His Excellency Dato’ Sri Mohd Najib bin Tun Haji Abdul Razak, Prime Minister

Summary

Dato’ Sri Mohd Najib bin Tun Haji Abdul Razak, Prime Minister of Malaysia, said his country had contributed more than 20 million rubber gloves to help doctors and nurses who were working to stop the Ebola outbreak.  On other matters of interest to his country, he said the MH370 and MH17 tragedies would be remembered forever; his Government would not give up the search for MH370 and would continue to seek justice for those who had died in the downing of MH17.  He recalled that, four years ago, in the General Assembly, he had called for a global movement of moderates to counter extremism.  “The threat to world peace and security is not Islam, but extremism,” he said.  The question had been how to respond to it.  In the past, the international community had launched wars against it without planning for peace.  It had attacked one evil only to see a greater evil emerge.  “This time must be different,” he said, stressing the need to defeat not just extremists, but also their ideas.  True Islam must be promoted.

Malaysia, he said, had marginalized extremism, maintaining a multi-religious country, where different faiths coexisted and prospered, and showed that Islam could not only succeed, but drive progress and development in a pluralistic society.  In Malaysia, there were streets in which mosques, temples and churches stood side-by-side.  This moderate approach could make a valuable contribution to fragile States and international affairs alike.  It was a philosophy Malaysia used when acting as an honest broker in peace processes in the southern Philippines and elsewhere.  Malaysia would pursue that approach as it chaired the Association of South-East Asian Nations (ASEAN) next year and moved it forward at the United Nations in the coming weeks.  That work informed its bid for a non-permanent seat on the Security Council for the coming term.

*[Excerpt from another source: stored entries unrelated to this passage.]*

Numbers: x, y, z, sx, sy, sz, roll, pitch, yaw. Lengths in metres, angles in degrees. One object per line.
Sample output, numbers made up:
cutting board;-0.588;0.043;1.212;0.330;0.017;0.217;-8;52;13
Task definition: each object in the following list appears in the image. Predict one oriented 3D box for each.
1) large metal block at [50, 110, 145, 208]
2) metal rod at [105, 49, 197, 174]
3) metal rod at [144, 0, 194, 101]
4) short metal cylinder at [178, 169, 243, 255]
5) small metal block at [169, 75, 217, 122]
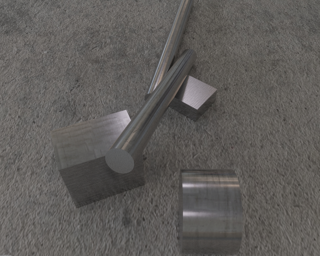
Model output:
large metal block;-0.064;0.035;0.338;0.081;0.080;0.050;-17;52;-14
metal rod;0.007;-0.045;0.377;0.025;0.025;0.301;13;32;10
metal rod;0.024;-0.152;0.530;0.025;0.025;0.300;10;51;8
short metal cylinder;0.045;0.080;0.301;0.050;0.080;0.080;1;50;1
small metal block;0.045;-0.043;0.440;0.050;0.025;0.050;31;57;23
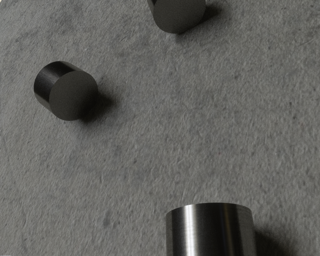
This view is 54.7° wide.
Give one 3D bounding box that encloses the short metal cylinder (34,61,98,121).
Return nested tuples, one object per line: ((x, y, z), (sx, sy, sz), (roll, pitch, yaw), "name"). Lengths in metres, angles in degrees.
((-0.144, -0.057, 0.477), (0.050, 0.080, 0.080), (31, 79, 37), "short metal cylinder")

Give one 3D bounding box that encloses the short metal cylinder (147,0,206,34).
((0.024, -0.193, 0.473), (0.080, 0.080, 0.050), (-25, 53, 12), "short metal cylinder")

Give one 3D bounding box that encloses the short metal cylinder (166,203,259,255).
((0.046, 0.104, 0.280), (0.080, 0.080, 0.050), (-14, 56, 20), "short metal cylinder")
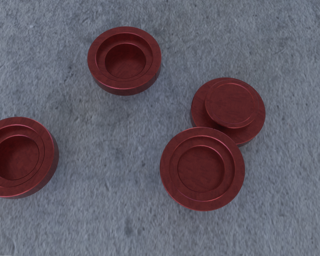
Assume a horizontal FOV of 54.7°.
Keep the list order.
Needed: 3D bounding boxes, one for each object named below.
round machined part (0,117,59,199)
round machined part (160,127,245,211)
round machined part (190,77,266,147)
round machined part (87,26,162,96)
[{"bbox_3d":[-0.174,0.039,0.383,0.099,0.042,0.098,0,70,-1],"label":"round machined part"},{"bbox_3d":[0.049,0.051,0.378,0.099,0.042,0.098,0,76,1],"label":"round machined part"},{"bbox_3d":[0.091,-0.025,0.409,0.099,0.042,0.098,0,70,-1],"label":"round machined part"},{"bbox_3d":[-0.047,-0.088,0.431,0.099,0.042,0.098,0,70,-1],"label":"round machined part"}]
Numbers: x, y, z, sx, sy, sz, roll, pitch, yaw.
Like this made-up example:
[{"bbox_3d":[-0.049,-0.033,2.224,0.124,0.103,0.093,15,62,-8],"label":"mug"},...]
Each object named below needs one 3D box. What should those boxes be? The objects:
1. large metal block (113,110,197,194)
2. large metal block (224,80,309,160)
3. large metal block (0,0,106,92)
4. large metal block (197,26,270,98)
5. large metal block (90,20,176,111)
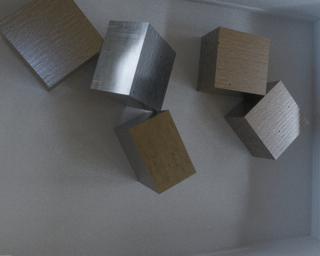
[{"bbox_3d":[-0.010,0.026,0.379,0.050,0.080,0.080,-27,99,-18],"label":"large metal block"},{"bbox_3d":[0.157,-0.011,0.457,0.080,0.050,0.080,-43,104,-15],"label":"large metal block"},{"bbox_3d":[-0.121,-0.099,0.353,0.080,0.050,0.080,-42,104,-16],"label":"large metal block"},{"bbox_3d":[0.103,-0.088,0.437,0.081,0.050,0.080,6,88,-20],"label":"large metal block"},{"bbox_3d":[-0.028,-0.069,0.366,0.080,0.050,0.080,25,78,-64],"label":"large metal block"}]
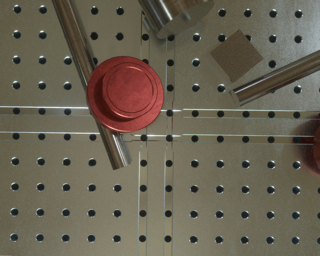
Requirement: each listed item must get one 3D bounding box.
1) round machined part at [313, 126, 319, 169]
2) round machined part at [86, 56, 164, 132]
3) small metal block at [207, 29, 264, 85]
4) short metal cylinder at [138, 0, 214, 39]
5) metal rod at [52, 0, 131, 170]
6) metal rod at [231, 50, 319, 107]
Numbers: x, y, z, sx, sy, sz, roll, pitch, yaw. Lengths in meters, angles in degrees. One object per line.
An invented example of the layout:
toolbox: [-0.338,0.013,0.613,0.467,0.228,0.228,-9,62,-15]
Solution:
round machined part: [0.249,0.025,0.407,0.099,0.042,0.097,0,90,0]
round machined part: [-0.041,-0.044,0.390,0.099,0.042,0.097,2,83,-18]
small metal block: [0.099,-0.094,0.414,0.050,0.025,0.050,-39,90,0]
short metal cylinder: [0.020,-0.155,0.386,0.080,0.080,0.050,-29,90,0]
metal rod: [-0.101,-0.089,0.412,0.025,0.025,0.299,-20,90,0]
metal rod: [0.238,-0.102,0.414,0.301,0.025,0.025,-25,90,0]
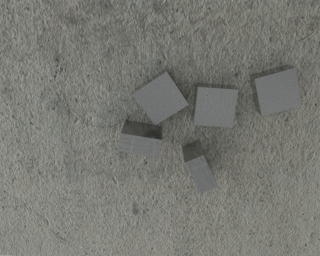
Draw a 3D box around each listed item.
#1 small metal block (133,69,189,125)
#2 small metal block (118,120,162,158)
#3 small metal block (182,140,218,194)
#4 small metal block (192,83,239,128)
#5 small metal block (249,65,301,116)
[{"bbox_3d":[0.001,-0.040,0.395,0.050,0.025,0.050,-32,107,11],"label":"small metal block"},{"bbox_3d":[-0.024,0.013,0.401,0.050,0.050,0.025,10,110,-4],"label":"small metal block"},{"bbox_3d":[0.053,0.051,0.415,0.025,0.050,0.050,-24,109,8],"label":"small metal block"},{"bbox_3d":[0.070,-0.030,0.399,0.050,0.025,0.050,4,110,-2],"label":"small metal block"},{"bbox_3d":[0.146,-0.048,0.393,0.050,0.025,0.050,-15,110,5],"label":"small metal block"}]
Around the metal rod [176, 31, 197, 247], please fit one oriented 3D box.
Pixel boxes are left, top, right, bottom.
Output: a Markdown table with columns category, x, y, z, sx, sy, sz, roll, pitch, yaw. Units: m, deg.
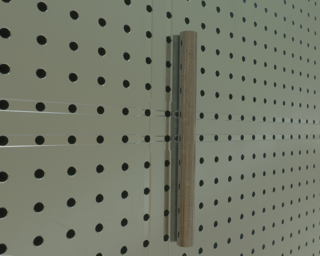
| category | x | y | z | sx | sy | sz | roll | pitch | yaw |
| --- | --- | --- | --- | --- | --- | --- | --- | --- | --- |
| metal rod | 0.038 | 0.015 | 0.439 | 0.025 | 0.025 | 0.298 | 1 | 89 | -40 |
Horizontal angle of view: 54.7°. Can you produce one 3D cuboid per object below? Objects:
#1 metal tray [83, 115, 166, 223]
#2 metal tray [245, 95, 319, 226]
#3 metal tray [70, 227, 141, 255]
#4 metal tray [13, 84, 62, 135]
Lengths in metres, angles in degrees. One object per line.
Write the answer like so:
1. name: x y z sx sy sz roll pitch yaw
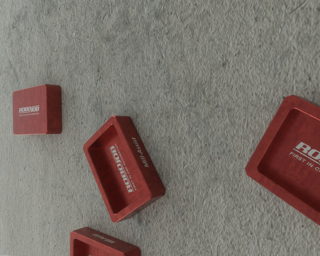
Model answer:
1. metal tray: -0.056 0.058 0.447 0.090 0.030 0.130 -41 65 32
2. metal tray: 0.153 0.038 0.274 0.130 0.030 0.089 36 112 34
3. metal tray: -0.088 0.213 0.474 0.130 0.030 0.089 3 92 40
4. metal tray: -0.240 -0.032 0.600 0.130 0.030 0.089 -2 89 40
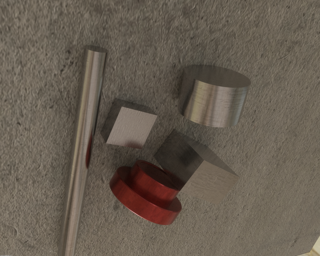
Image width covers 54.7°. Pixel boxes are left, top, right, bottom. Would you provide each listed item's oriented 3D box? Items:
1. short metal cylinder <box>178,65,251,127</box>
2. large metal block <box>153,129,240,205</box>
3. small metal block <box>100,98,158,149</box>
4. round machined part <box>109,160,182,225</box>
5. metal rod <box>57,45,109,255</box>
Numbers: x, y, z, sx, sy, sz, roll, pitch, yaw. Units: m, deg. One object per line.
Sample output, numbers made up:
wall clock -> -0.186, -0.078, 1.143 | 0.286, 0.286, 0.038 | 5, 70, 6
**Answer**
short metal cylinder -> 0.066, -0.042, 0.383 | 0.081, 0.080, 0.050 | -5, 121, -26
large metal block -> 0.050, 0.054, 0.434 | 0.080, 0.080, 0.050 | 27, 103, -38
small metal block -> -0.039, -0.005, 0.384 | 0.050, 0.025, 0.050 | 13, 112, -34
round machined part -> -0.012, 0.077, 0.403 | 0.098, 0.098, 0.042 | 26, 99, -38
metal rod -> -0.100, 0.049, 0.383 | 0.025, 0.025, 0.298 | 0, 119, -29

The fight against extremism was not about Christians versus Muslims, or Muslims versus Jews, but moderates versus extremists of all religions, he continued, emphasizing the need to rally a coalition of moderates.  The fight against extremists must be won, not just in Syria and Iraq, but in the United Kingdom, Belgium, the United States and Malaysia.  His country had managed to prevent extremism from gaining a foothold, but a few Malaysians had been lured by foreign terrorist fighters into Iraq and Syria.  Countries must educate, include and confront those at risk of radicalization.  They must also confront the myth that committing atrocities in the name of an Islamic State was an act of faith and that death in the service of that aim brought martyrdom.

Extremists used that distorted narrative as a recruitment tool, he pointed out.  An international conference of scholars of Islamic law, convened by his Government, had agreed that for a State to be called “Islamic” it must deliver economic, political and social justice, and must protect and advance the six objectives of Islamic law: the right to life, religion, family, property, dignity and intellect.  ISIL had violated every single one of those.  It was neither Islamic, nor a State, he concluded, stressing that Islam was a religion of peace, one that valued coexistence, mutual comprehension and learning.